The students were regularly asked to evaluate each lecture in emergency medicine with a 3-item questionnaire (overall lecture quality, didactics and delivery/presentation) on a voluntary basis at the end of each lecture using a 5-point Likert scale. These evaluations were used to analyse changes in the lecturers’ evaluations.
In November 2011, two months prior to the beginning of the next lecture series, each lecturer participating in this study received a copy of the lecture observation schedule, the assessment instrument including the written feedback of the raters, and the students’ evaluations.

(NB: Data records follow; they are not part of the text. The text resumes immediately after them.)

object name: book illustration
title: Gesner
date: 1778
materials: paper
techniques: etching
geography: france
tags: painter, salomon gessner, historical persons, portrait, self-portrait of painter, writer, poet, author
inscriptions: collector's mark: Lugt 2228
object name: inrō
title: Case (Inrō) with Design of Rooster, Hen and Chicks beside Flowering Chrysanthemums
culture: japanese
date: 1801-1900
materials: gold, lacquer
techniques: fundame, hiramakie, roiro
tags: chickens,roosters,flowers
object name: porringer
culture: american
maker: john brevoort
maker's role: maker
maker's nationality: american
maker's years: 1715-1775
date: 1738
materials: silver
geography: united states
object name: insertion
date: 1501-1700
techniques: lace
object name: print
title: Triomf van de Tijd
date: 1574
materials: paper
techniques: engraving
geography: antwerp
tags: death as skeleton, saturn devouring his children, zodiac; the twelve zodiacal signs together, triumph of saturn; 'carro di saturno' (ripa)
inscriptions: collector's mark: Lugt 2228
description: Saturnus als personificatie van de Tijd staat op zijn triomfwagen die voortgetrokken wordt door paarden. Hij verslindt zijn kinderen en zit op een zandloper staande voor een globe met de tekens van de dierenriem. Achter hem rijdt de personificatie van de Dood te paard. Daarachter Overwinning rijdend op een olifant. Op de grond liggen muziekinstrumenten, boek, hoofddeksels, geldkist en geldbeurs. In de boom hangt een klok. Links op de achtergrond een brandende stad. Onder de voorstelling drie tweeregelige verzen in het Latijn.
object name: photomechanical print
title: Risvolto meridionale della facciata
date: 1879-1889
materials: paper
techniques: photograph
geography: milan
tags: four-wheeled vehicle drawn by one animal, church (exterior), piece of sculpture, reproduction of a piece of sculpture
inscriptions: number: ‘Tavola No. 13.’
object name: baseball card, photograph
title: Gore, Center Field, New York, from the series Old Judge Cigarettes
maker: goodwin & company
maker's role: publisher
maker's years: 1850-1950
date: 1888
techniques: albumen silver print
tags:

Each lecture was recorded as described for the first part of the study. The reviewer training, review process and student evaluations were repeated for the second round as described above.
Data analysis
The statistical analysis was performed using Microsoft Excel for the epidemiological data and evaluation and SPSS 17 for the checklist results. Once Gaussian distribution of the data was verified, the values were presented as the mean ± standard deviation. The Kappa coefficient was computed to determine the inter-rater reliability. The differences in the scores between both groups (no didactic training versus didactic training) were analysed using Student’s t-test for independent samples. The differences between the ratings prior to and after the interventions were analysed using Student’s t-test for dependent samples.